Это когда весь такой писец, но очень полный.
– Что-то мне во всем этом не нравится, – задумчиво решила я, все так же подозрительно разглядывая декана.
И вот тут произошло нечто!
Владлен Азаэрович внезапно прижал меня к стене всем своим могучим торсом, наклонился и проникновенно прошептал:
– Так значит, говоришь, разрешение на заселение моим чертям не подпишешь?
И как-то он так это сказал, что мне сразу подумалось: лучше бы взять да и подписать бы, но у меня же природная вредность.
– Не подпишу! – заявила я, в свою очередь, напирая на черта бюстом.
Ну и что, что у него торс внушительнее, мы тоже не лыком шиты.
– Не подпишешь, значит, – на чертовой морде расплылась предвкушающе-победная ухмылочка. – Что ж, дорогая, – промурлыкал Владлен Азаэрович, – в таком случае, я тоже наш развод… не подпишу.
У меня отвисла челюсть!
Черт, весело подмигнув, поднял ее, отчего я клацнула зубами, отлип от меня и от стены, крутанулся и направился на выход из подсобки, в которой мы, оказывается, пребывали в обществе швабр, веников, ведер и тряпок.
И вот, когда он уже дверь открыл, эту самую подсобку потряс мой вопль:
– Что-о-о-о?!
Грациозно обернувшись, что вообще не вязалось с его комплекцией, Владлен Азаэрович снизошел до объяснений:
– Ты трижды сказала мне "да", Станислава. И перед последним "да" я предупредил тебя о последствиях. А ты его все равно произнесла… И теперь, по законам преисподней…
Он не стал договаривать, но это и не требовалось: намек был более чем прозрачен. Короче, он же черт, у них существует норма права, регулирующая устные договоренности, и про три "да" я слышала и раньше, только вот…
– Черт! – простонала я.
– Именно так, – Владлен Азаэрович широко улыбался. – Кстати, дорогая, расизм в моей семье не приветствуется. Избавься.
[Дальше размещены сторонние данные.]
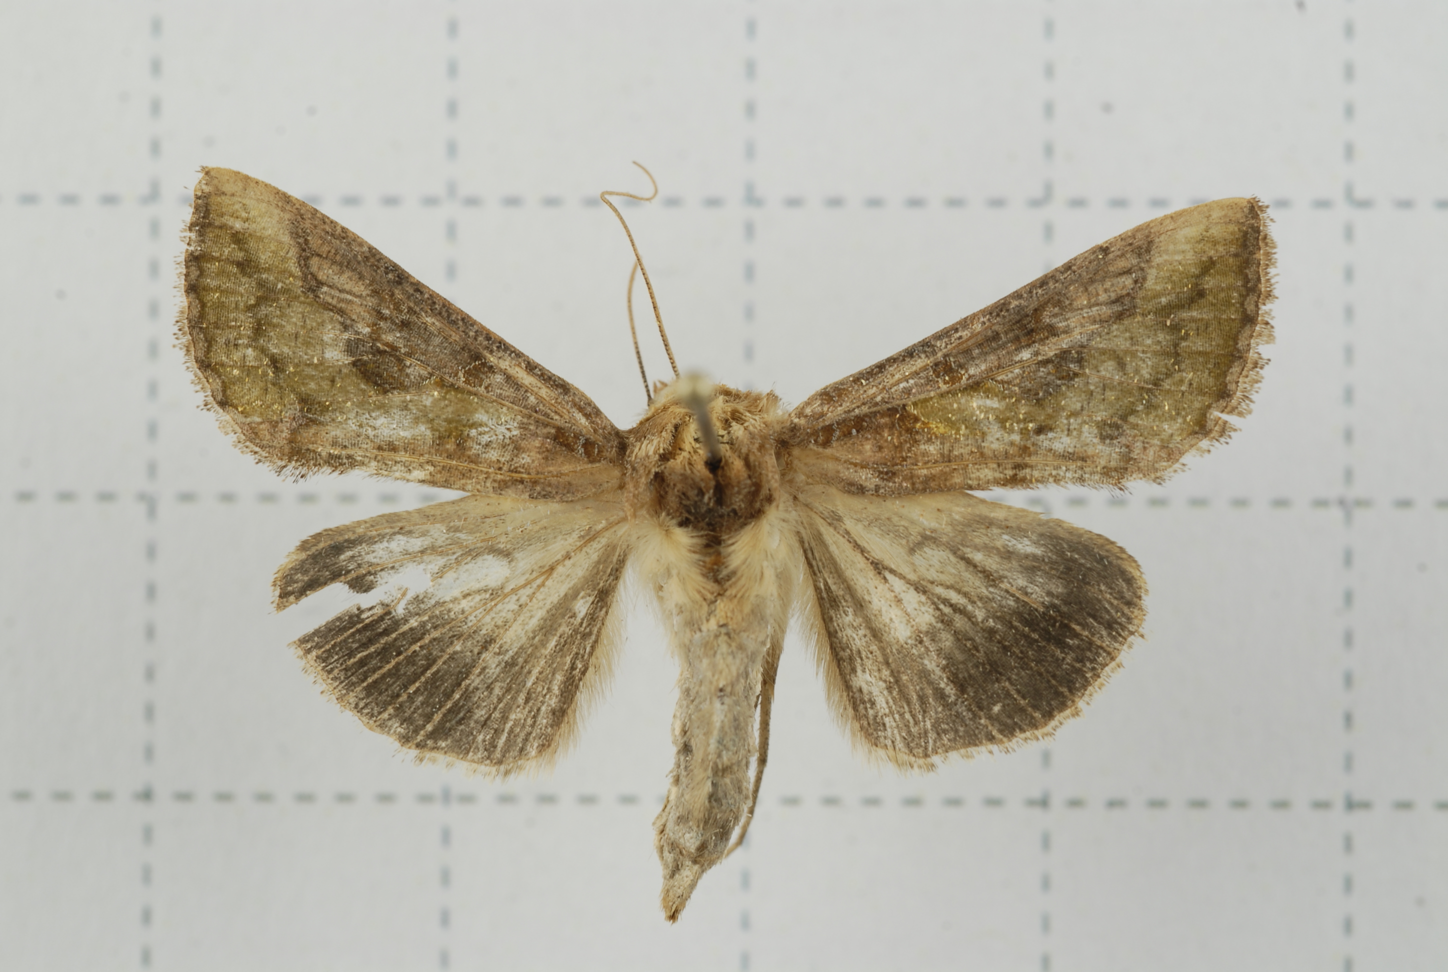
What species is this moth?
Thysanoplusia orichalcea

Находясь в прострации после услышанного, я шепотом спросила:
– И что, большая семья?
Декан пожал плечами, посмотрел в потолок и начал подсчитывать:
– Отец, шесть матерей, семнадцать братьев, четырнадцать сестер… кстати, все черти… Эм, не помню, сколько племянников, я не считал, но тебе придется: ты, как моя первая жена, будешь обязана вести семью и, соответственно, помнить все дни рождения… – он задумался и продолжил:
– Так, пять бабушек… Я, кстати, старший сын, так что после смерти моего отца все бабушки и матери будут жить с нами… Эм…
Я не понимала: это шутка, или он серьезно? А еще я понять не могла: он реально про брак? Нет, устное согласие – оно, конечно, тут имеет значение, но чтобы настолько, это… это…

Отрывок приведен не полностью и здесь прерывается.